The above will compile and execute the openmp/veccopy example. The Makefile will print the compile and execute commands to your console.

Each Makefile typically includes the common Makefile helper file Makefile.find_gpu_and_install_dir. This include file finds the LLVM compiler and sets the environment variable LLVM_INSTALL_DIR if not already preset by the user. If not preset, or the value of LLVM_INSTALL_DIR specifies a nonexistant directory, the Makefile searches this list of directories:

/opt/rocm/lib/llvm /usr/lib/aomp ./../../../llvm  ~/rocm/aomp

The Makefile sets LLVM_INSTALL_DIR to the first directory it finds in the above list. It is recommended that users of these examples preset LLVM_INSTALL_DIR if they want to demo the compiler with something other than the last installed ROCm compiler.
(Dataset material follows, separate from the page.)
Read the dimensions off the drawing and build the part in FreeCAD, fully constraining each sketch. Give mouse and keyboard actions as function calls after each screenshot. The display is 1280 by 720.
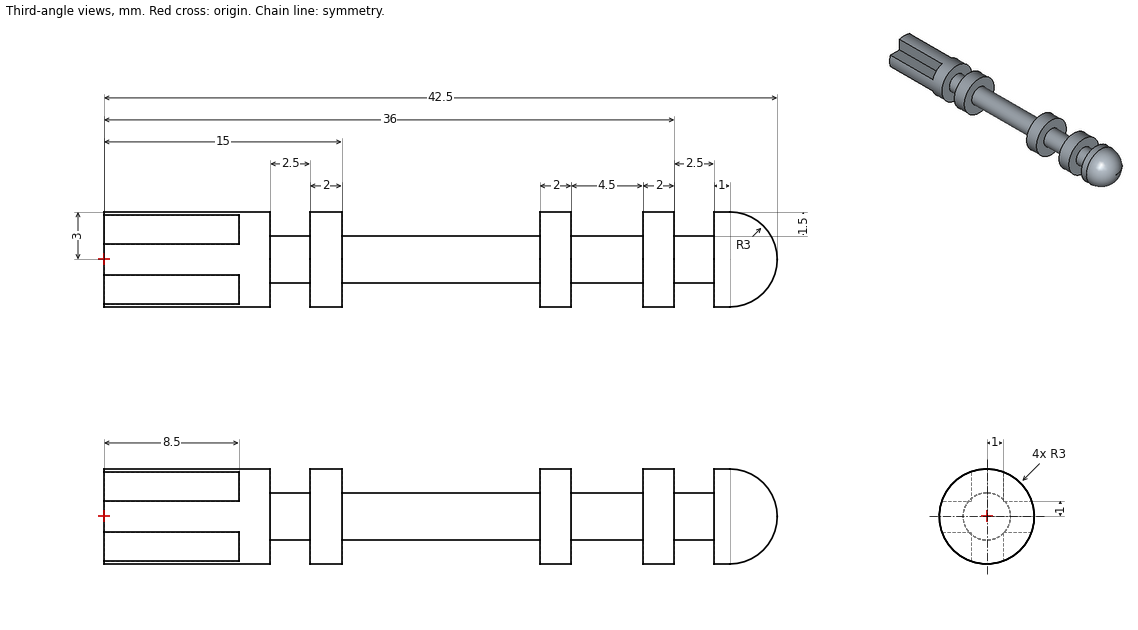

The include file then determines if there is an active GPU and the GPU architecture (eg. gfx940, sm_70, etc). It first checks for an active amdgpu kernel module If there is an active amdgpu kernel, the LLVM compiler utility $(LLVM_INSTALL_DIR)/bin/amdgpu-arch is used to set the value LLVM_GPU_ARCH which instructs the compiler which GPU to compile for. If no active amdgpu kernel module is found, the include file looks for an nvidia PCI device and then uses the compiler utility $(LLVM_INSTALL_DIR)/bin/amdgpu-arch to set the value LLVM_GPU_ARCH.

If no LLVM installation or GPU could be found, the example Makefile will fail. So if you want to demo the compiler with something other than the last installed ROCm compiler (which is typically found at /opt/rocm/lib/llvm), then it is recommended that users preset LLVM_INSTALL_DIR.

There are often other make targets to show different ways to build the binary. E.g. to run with some debug output set OFFLOAD_DEBUG variable:

env OFFLOAD_DEBUG=1 make
env OFFLOAD_DEBUG=1 make run

Run make help to see all the possible demos of each example.